** DATASET EXTRACT follows **

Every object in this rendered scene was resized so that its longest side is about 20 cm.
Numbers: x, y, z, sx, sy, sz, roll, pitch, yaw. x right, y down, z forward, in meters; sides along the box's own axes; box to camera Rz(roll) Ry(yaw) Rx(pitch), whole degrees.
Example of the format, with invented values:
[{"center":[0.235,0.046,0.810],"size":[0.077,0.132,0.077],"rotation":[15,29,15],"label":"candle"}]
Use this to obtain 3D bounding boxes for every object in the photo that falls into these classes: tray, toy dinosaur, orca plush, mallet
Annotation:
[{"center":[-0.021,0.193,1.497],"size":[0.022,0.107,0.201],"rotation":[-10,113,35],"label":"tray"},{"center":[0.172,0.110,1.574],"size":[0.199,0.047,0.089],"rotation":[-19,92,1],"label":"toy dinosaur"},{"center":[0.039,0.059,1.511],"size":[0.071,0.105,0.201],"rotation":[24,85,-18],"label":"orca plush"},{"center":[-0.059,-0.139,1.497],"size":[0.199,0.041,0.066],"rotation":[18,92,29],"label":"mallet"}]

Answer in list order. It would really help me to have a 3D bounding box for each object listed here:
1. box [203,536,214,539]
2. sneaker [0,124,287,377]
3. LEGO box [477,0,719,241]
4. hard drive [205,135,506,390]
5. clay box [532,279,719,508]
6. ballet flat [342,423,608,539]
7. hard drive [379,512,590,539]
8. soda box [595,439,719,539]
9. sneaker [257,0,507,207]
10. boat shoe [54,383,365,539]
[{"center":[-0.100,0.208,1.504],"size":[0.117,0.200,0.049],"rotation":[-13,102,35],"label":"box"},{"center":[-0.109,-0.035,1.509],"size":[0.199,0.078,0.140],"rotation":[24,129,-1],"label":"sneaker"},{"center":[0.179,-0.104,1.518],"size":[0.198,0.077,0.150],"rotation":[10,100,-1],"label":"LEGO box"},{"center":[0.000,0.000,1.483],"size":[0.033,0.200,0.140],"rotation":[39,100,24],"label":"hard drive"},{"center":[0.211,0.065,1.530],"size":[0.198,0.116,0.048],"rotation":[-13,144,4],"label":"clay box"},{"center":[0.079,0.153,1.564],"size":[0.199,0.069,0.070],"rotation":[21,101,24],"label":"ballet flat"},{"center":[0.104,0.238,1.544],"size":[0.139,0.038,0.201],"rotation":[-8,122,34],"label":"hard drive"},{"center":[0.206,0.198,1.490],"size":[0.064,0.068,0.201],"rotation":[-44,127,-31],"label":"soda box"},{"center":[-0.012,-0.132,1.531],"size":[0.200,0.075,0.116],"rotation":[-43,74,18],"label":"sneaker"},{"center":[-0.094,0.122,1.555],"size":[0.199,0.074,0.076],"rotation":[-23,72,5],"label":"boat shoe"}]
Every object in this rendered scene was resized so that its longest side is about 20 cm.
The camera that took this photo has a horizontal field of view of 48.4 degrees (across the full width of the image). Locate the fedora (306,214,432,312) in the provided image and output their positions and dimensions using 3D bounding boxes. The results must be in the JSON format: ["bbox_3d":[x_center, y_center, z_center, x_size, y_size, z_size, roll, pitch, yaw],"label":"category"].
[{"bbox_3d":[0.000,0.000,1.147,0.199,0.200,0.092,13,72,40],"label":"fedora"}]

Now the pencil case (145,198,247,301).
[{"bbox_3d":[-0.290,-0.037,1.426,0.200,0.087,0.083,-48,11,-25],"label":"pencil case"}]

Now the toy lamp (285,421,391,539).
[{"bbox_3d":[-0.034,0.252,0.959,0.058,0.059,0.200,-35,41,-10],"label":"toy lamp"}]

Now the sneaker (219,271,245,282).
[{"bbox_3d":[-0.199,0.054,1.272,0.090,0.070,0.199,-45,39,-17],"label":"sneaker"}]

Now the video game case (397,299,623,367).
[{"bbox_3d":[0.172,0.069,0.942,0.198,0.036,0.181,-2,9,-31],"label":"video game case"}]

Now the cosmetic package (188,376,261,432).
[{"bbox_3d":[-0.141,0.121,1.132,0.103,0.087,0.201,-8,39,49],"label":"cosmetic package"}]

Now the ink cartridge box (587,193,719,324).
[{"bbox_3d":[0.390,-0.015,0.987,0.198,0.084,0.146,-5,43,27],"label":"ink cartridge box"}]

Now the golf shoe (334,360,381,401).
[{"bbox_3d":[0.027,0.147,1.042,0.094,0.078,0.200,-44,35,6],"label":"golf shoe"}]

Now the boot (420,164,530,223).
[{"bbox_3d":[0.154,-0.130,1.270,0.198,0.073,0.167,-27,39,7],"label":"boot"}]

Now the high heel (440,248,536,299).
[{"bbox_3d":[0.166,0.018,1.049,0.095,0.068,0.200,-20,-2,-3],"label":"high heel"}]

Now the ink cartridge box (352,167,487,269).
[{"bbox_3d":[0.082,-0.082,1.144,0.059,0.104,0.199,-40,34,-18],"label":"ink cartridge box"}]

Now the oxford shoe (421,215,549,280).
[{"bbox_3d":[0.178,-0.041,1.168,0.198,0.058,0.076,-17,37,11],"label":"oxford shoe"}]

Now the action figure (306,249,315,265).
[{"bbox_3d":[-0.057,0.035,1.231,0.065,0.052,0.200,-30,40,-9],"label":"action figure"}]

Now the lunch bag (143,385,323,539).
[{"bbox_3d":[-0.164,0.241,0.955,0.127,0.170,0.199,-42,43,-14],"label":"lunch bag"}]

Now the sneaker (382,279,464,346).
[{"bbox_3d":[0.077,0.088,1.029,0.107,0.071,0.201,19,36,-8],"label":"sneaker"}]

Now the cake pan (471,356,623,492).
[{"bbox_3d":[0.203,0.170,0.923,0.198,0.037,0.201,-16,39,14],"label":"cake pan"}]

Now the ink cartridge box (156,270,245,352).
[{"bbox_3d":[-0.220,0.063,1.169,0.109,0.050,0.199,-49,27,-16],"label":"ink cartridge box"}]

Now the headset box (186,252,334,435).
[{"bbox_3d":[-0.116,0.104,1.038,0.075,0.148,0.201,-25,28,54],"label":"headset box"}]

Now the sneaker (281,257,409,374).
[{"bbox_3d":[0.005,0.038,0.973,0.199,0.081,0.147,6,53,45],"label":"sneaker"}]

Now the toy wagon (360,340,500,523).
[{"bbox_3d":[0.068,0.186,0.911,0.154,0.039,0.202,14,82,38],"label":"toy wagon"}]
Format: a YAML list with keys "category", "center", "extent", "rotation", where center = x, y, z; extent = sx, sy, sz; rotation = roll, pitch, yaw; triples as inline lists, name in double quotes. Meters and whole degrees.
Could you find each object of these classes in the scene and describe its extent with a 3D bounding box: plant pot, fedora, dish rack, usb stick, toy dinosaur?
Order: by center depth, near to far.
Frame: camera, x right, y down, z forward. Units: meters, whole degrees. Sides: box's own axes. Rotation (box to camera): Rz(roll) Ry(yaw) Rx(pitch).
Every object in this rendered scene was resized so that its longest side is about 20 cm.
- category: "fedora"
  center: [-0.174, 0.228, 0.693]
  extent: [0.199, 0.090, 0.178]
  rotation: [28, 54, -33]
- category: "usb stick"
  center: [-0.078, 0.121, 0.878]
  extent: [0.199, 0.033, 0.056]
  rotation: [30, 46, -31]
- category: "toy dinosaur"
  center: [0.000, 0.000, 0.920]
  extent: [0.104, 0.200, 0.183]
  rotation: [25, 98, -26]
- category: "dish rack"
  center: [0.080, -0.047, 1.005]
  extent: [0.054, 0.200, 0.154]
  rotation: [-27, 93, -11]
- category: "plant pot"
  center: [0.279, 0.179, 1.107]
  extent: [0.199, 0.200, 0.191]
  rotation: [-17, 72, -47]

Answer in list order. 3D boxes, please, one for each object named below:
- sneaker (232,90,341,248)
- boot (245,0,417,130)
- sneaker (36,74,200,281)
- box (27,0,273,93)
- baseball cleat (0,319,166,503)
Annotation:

** End of DATASET EXTRACT **

Give back, unchanged, the run of lines in the listing above that begins at the line containing "1. box [203,536,214,539]" and ends at the line containing "9. sneaker [257,0,507,207]", both included.

1. box [203,536,214,539]
2. sneaker [0,124,287,377]
3. LEGO box [477,0,719,241]
4. hard drive [205,135,506,390]
5. clay box [532,279,719,508]
6. ballet flat [342,423,608,539]
7. hard drive [379,512,590,539]
8. soda box [595,439,719,539]
9. sneaker [257,0,507,207]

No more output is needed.